Israel warplanes target Gaza as army says rockets fired ‘non-stop’ over southern border
Israeli fighter jets have hit targets in central Gaza, the military said on Saturday, and Palestinian militants fired rockets in retaliation after a day of deadly violence rocked the West Bank and unrest persisted inside Israel.
Israel’s air force struck several sites, including a house in Gaza City where at least 12 Palestinians were killed. Health officials in Gaza said a woman and her three children were among the dead after their house was hit in a refugee camp, Reuters reported.
Hamas, the group in power inside the enclave, reported the number of dead was likely to rise as efforts to recover casualties from under the rubble of the house on the edge of Shati refugee camp were ongoing.
Said Alghoul, who lives nearby, said Israeli warplanes dropped at least three bombs on the three-story house without warning its residents in advance.
“I saw the bodies of four people, including children, being rushed to the hospital,” he said. “I could not endure and ran back to my home.”
The Israeli Defence Force (IDF) said barrages of rockets were being fired “non-stop from Gaza into southern Israel”, including a rocket that it said hit the city of Ashdod. Local media said the rocket hit a fuel depot.
“This won’t go unanswered,” the IDF tweeted.
Early on Saturday, the Israeli army said it had hit a Hamas “operation office” near the centre of Gaza City, with additional overnight strikes targeting what the military called “underground launch sites”.
In a significant escalation in the worst bout of fighting between Israel and Hamas for seven years, heavy artillery fire was aimed at what the Israeli military said was a large network of militant tunnels. Dozens of Hamas operatives were killed in the strikes, the IDF said.
Palestinian fatalities from strikes on Gaza stand at more than 132, including 32 children. About 950 people have been injured. The UN said 10,000 residents had been forced from their homes by the bombardment.
Eight people have died in Israel, including two children and a soldier patrolling the Gaza frontier.
Saturday marks a dangerous moment in the recent crisis. Palestinians will mark the Nakba, or “catastrophe”, commemorating the more than 700,000 Palestinians who fled or were expelled in the 1948 war surrounding Israel’s creation. Israeli forces have killed protesters at previous rallies.

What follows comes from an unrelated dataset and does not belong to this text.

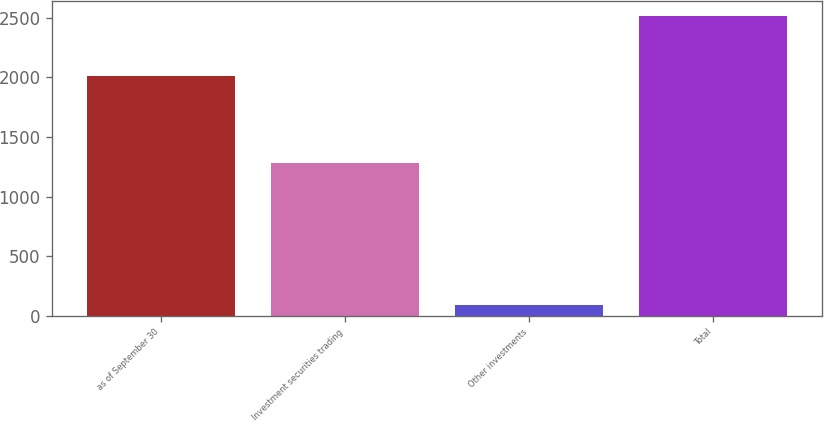Convert chart. <chart><loc_0><loc_0><loc_500><loc_500><bar_chart><fcel>as of September 30<fcel>Investment securities trading<fcel>Other investments<fcel>Total<nl><fcel>2014<fcel>1277.5<fcel>89.6<fcel>2516.1<nl></chart>

Palestinians living in areas close to the Gaza-Israel border have fled their homes in pickup trucks, on donkeys and on foot. Some went to UN-run schools in Gaza City, carrying small children, household essentials and food.
Hedaia Maarouf, who left her home with her extended family of 19 people, including 13 children, said: “We were terrified for our children, who were screaming and shaking.”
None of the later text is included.